Dava, davalıya ZMMS poliçesi ile sigortalı aracın dava dışı araç ile çarpışması sureti ile meydana gelen kazada davalıya sigortalı araçta yolcu olarak bulunan davacının yarralanmasından dolayı, sürekli iş göremezlik ve geçici iş göremezlik tazminatı istemine ilişkindir.

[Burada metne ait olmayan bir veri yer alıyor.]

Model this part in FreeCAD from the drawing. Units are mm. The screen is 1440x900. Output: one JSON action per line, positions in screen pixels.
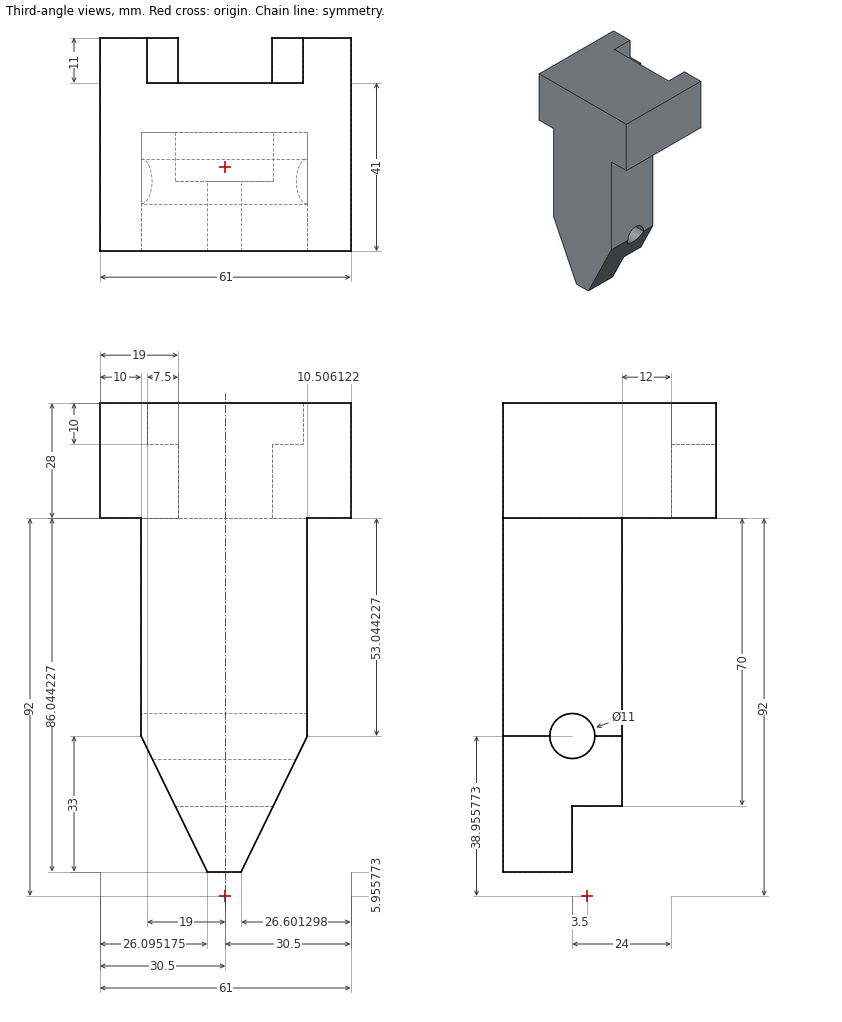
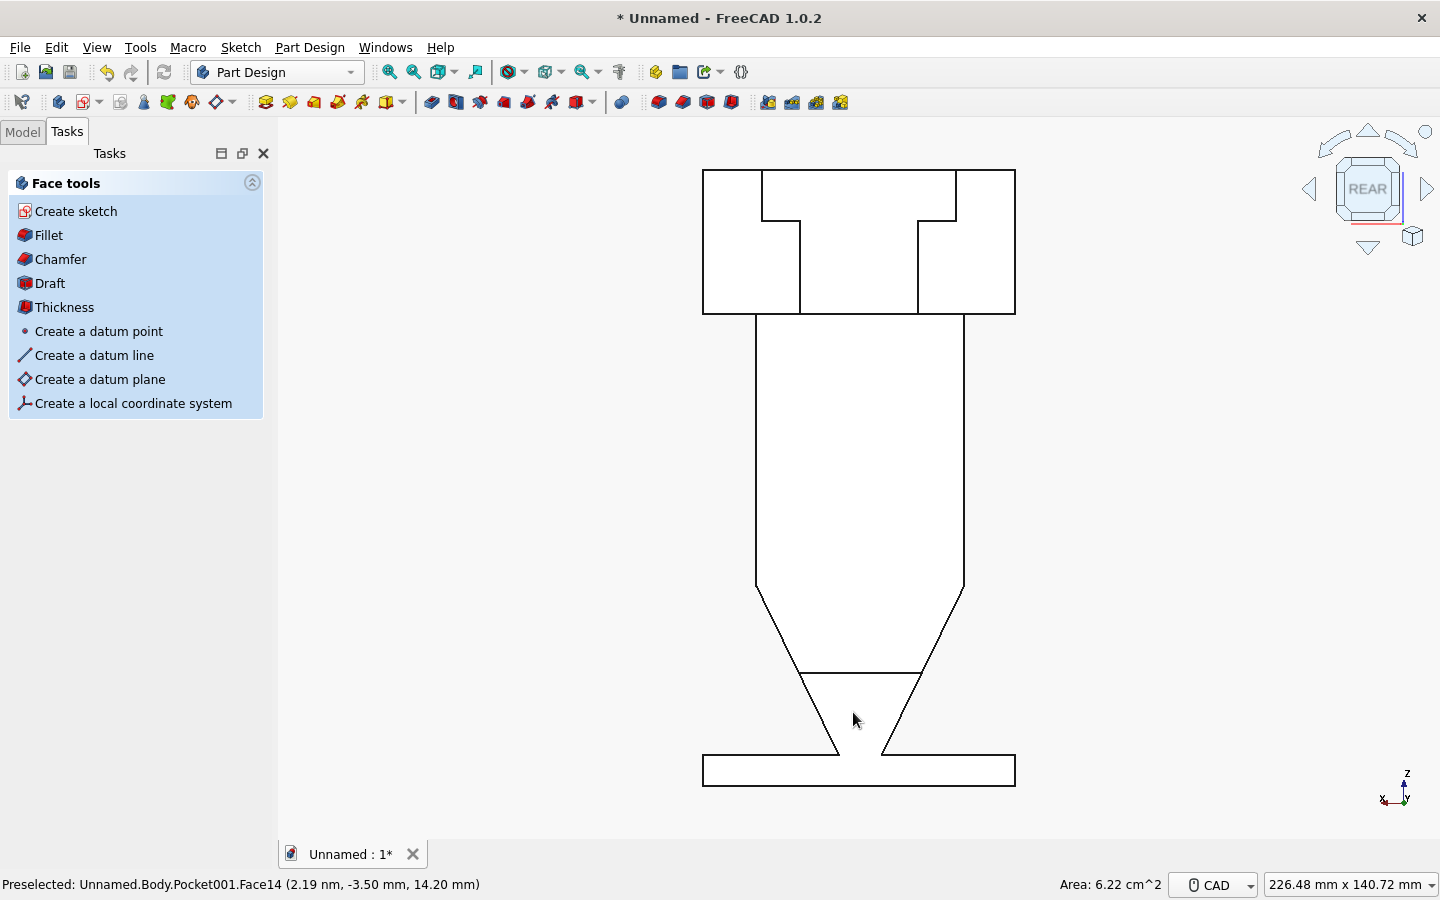
{"action": "left_click", "coordinate": [84, 102]}

Tüm dosya kapsamı, deliller ve bilirkişi raporları birlikte değerlendirildiğinde; 08/12/2018 günü davalıya 22/09/2018-2019 tarihleri arasında Zorunlu Mali Sorumluluk Sigorta Poliçesi kapsamında otomobil cinsinde sigortalı … plaka sayılı araç sürücüsünün dava dışı araç ile çarpışması sureti ile meydana gelen kazada, davacının davalıya sigortalı araç içerisinde bulunduğu ve yaralandığı, söz konusu kazada davacının %25 malul ve 12 ay süre ile geçici iş göremez kaldığının adli tıp raporu ile tespit edilmekle, adli tıp raporunun kaza tarihinde yürürlükte bulunan yönetmelik uyarınca düzenlendiği, tarafların herhangi bir itirazının bulunmadığı, hükme esas alınabilir ve denetime elverişli olduğu, yine davalıya sigortalı araç sürücünün %100 oranında kusurlu olduğuna dair bilirkişi raporunun da kaza tespit tutanağı ve olayın oluş şekli ile uyumlu olduğu, davacıya atfedilebilir herhangi bir kusurun da tespit edilmediği, bu doğrultuda aktüer raporunda maluliyet nazara alınarak yapılan 25.066,58 TL geçici iş göremezlik zararı ile 192.462,15 TL sürekli iş göremezlik zararına ilişkin hesaplamanın da yerinde olduğu, bilirkişi raporundaki genel şartlar uyarınca yapılan hesaplamaya tarafların bir itirazının bulunmadığı, bu doğrultuda tarafların kabulünde olduğu ancak davacının talebi bakımından toplama hatası yapmış olduğu anlaşılmakla davacının talep artırım dilekçesindeki sürekli iş göremezlik ve geçici iş göremezlik tazminatı taleplerinin kabulüne karar vermek gerekmiştir.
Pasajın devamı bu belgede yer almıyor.